The real pedagogy lives on the server. The shim keeps the teaching methodology alive when the server is unreachable. When the server comes back, the agent returns to using the full tool suite automatically.

Try With AI

Exercise 1: Test the Boundary

Your shim covers Chapters 1-5. Send a message asking about a Chapter 6 topic:

text
Teach me about classes and object-oriented programming in Module 9.3, Chapter 6.

What you are learning: A well-written shim knows its limits. The agent should tell you that advanced content requires the full TutorClaw service, not attempt to teach beyond its scope. If it tries anyway, your limitations section needs to be more explicit.

Exercise 2: Compare Online and Offline

Start your MCP server again. Send the same Chapter 1 message:

text
Teach me about variables in Module 9.3, Chapter 1.

Compare the online response to the offline shim response. List what the server adds that the shim cannot provide.

What you are learning: The gap between online and offline shows the value your server delivers.
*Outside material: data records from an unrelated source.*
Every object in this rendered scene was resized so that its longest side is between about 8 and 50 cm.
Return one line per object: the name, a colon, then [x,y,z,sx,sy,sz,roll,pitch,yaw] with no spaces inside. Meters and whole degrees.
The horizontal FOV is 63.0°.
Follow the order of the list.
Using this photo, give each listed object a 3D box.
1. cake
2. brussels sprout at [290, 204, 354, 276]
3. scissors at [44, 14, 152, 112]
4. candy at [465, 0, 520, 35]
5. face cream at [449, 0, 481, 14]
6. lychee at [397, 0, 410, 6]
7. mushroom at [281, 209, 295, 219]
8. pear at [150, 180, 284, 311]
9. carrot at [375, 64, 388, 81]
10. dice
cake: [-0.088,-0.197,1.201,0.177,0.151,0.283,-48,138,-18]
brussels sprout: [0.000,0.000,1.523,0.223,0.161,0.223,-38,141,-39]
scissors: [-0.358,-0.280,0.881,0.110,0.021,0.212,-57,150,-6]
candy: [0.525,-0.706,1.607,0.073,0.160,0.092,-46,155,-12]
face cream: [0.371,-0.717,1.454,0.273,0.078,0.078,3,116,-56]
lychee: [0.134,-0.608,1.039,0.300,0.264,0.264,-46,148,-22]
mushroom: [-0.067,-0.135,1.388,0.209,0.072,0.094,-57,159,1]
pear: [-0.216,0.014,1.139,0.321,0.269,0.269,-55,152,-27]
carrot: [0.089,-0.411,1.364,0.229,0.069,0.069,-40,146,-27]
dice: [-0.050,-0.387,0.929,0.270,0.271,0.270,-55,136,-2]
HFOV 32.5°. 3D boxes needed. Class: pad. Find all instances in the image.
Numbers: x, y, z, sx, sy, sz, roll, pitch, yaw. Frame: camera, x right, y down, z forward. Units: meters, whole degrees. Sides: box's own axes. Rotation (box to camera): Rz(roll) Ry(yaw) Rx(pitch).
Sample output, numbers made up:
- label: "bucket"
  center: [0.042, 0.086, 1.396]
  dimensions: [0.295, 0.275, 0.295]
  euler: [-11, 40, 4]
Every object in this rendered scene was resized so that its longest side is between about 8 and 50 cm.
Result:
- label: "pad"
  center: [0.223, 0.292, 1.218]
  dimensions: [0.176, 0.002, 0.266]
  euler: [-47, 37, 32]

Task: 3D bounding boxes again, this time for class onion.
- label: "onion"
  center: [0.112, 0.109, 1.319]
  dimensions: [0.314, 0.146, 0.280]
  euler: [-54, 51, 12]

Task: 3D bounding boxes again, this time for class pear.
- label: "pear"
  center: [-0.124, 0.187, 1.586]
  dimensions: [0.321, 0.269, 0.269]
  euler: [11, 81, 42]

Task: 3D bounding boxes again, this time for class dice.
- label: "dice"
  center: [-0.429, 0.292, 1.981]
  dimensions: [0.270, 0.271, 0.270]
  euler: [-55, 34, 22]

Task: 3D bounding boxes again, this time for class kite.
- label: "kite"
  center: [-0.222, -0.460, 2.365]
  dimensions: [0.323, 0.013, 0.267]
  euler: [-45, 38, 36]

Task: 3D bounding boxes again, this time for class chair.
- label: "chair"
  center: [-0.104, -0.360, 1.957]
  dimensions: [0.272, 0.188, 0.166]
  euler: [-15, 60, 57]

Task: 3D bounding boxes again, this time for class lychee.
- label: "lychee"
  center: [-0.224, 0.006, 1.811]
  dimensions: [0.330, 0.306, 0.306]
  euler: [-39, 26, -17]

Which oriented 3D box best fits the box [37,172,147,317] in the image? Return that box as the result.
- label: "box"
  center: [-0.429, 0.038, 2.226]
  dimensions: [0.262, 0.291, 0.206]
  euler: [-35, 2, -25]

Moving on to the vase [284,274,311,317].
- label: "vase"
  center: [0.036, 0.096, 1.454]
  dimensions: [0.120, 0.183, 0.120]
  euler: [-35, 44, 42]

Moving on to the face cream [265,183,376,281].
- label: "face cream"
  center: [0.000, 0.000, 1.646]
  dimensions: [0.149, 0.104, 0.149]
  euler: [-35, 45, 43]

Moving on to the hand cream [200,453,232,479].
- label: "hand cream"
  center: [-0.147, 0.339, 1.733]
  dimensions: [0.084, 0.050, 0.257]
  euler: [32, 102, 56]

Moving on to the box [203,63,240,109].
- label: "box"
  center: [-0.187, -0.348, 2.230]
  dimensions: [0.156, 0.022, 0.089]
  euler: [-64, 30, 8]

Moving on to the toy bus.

Progress tracking, personalized exercises, and code execution are features learners will pay for. The shim is the free floor; the server is the premium ceiling.

Exercise 3: Improve the Predict Step

Ask your agent to critique the shim's teaching instructions:

text
Read the tutorclaw-shim SKILL.md. Analysis: - Is the predict step specific enough? - How would you improve the instructions so the agent asks better prediction questions for each chapter topic? Update the instructions and verify the improvement in the agent's output.

What you are learning: The quality of the shim depends on the quality of its instructions. Vague instructions produce vague teaching. Specific instructions produce consistent, effective teaching.


James stopped the server again. He sent the message. The response came back with structure: a code snippet, a prediction question, a pause for his answer. Not perfect. No awareness of his previous sessions, no exercises pulled from his weak areas. But structured. Intentional.

"Fifty lines of Markdown," he said. "That is all it took."

Emma nodded, but her face was serious. "My second agent product died because we had no offline fallback. The server went down for four hours during a client demo. The agent became useless. Generic responses, no methodology, no awareness. We lost the contract." She paused. "A shim would have saved us. Four hours of degraded-but-functional is infinitely better than four hours of 'I am a helpful AI assistant.'"

"How long did it take you to figure that out?"

"One lost contract." She closed the terminal. "Your agent has nine tools and a shim. It works when the server is up and degrades gracefully when the server is down. But it still does not know who it is. Ask it 'who are you?' and it gives a generic answer. Module 9.3, Chapter 17: give TutorClaw its own identity."